Woman avoids jail for €35,000 social welfare fraud

A young woman has avoided a jail term after she fraudulently claimed more than €35,000 in social welfare payments which she handed over to her father, extended family and drug addict boyfriend.
Rose Gavin (22) was described by her counsel Geraldine Biggs BL as being of low intelligence. She in unable to read and write and was identified as having special needs as young child.
She also witnessed her father being shot when she was 14 years old. He was unable to work again because of his injuries, suffered from depression as a result and died last year.
Gavin claimed job seekers allowance for three and half years by claiming to be her cousin Helen Maughan. She signed on each week as “Helen” but only managed to spell the name correctly on one occasion.
Gavin of St Berks Place, Kilbarrack pleaded guilty at Dublin Circuit Criminal Court to two charges of fraud by claiming job seeker’s allowance when claiming to be Ms Maughan and another charge of fraudulently applying for a social welfare card on dates between December 17, 2007 and January 18, 2011.
Judge Martin Nolan said it was a serious crime that normally warrants a custodial sentence to deter others from committing a similar offence.
He accepted that Gavin has a low IQ. He said she did however know that what she was doing was wrong but she may not have been in a position to “repulse a suggestion made by others”.
Judge Nolan said he had also taken into account that Gavin’s reward for the deception was “dispersed amongst a number of people” before he sentenced her to three years which he suspended in full.
Sean Guerin BL, prosecuting told Judge Nolan that the pleas were accepted on the basis of full facts and that Gavin had defrauded the State of €35,375 by claiming job seekers allowance she was not entitled to between September 3, 2007 and February 8, 2011.
Detective Garda Colm O’Rourke said gardai were alerted to the fraud by a special investigator from the Department of Social Protection in February 2011.

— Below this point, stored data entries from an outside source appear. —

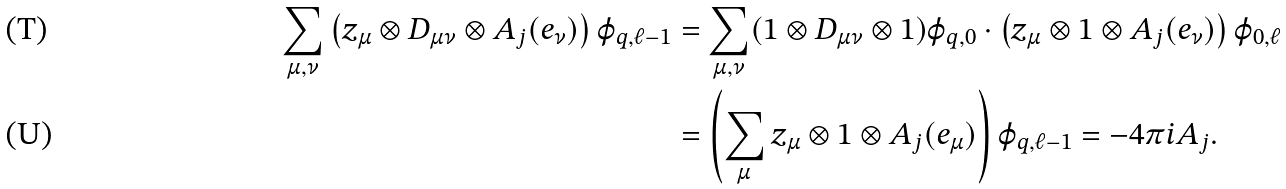<formula> <loc_0><loc_0><loc_500><loc_500>\sum _ { \mu , \nu } \left ( z _ { \mu } \otimes D _ { \mu \nu } \otimes A _ { j } ( e _ { \nu } ) \right ) \varphi _ { q , \ell - 1 } & = \sum _ { \mu , \nu } ( 1 \otimes D _ { \mu \nu } \otimes 1 ) \varphi _ { q , 0 } \cdot \left ( z _ { \mu } \otimes 1 \otimes A _ { j } ( e _ { \nu } ) \right ) \varphi _ { 0 , \ell } \\ & = \left ( \sum _ { \mu } z _ { \mu } \otimes 1 \otimes A _ { j } ( e _ { \mu } ) \right ) \varphi _ { q , \ell - 1 } = - 4 \pi i A _ { j } .</formula> 
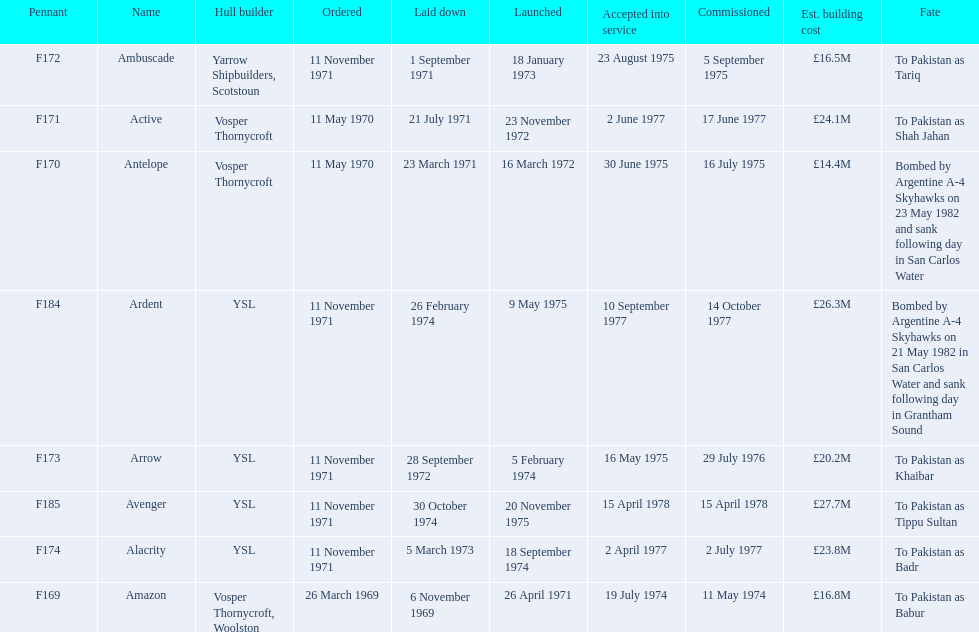Which type 21 frigate ships were to be built by ysl in the 1970s? Arrow, Alacrity, Ardent, Avenger. Of these ships, which one had the highest estimated building cost? Avenger. 
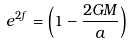<formula> <loc_0><loc_0><loc_500><loc_500>e ^ { 2 f } = \left ( 1 - \frac { 2 G M } { a } \right )</formula>

Gardai set up a surveillance operation in the office on the Navan Road in Cabra where Gavin was collecting the dole and witnessed her signing on as Ms Maughan and applying for a new social welfare card in the woman’s name.
She was arrested and although she continued to maintain she was Ms Maughan, she later made full admissions. She said Ms Maughan was her cousin and she had obtained her birth certificate and had used a friend’s utility bill as proof of address.
Det Gda O’Rourke agreed with Ms Biggs that it was “immediately apparent” on meeting Gavin that she had “low intellectual capacity” and that her language skills were “limited”.
He accepted that it was “obvious that she had someone else’s help” in the fraud and that the money had gone to her then boyfriend, her father and extended members of her family.
Gavin has previous convictions for road traffic offences and has not come to garda attention since her arrest.
Ms Biggs said it was a serious offence in which large sums of taxpayer’s money had been taken by her client.
She said her client had been “disadvantaged in nearly every sense”. She was identified as having special needs but remained in mainstream school where she was bullied.
Ms Biggs said that although her client was “vulnerable and open to suggestion”, she does not blame anyone else for her crime.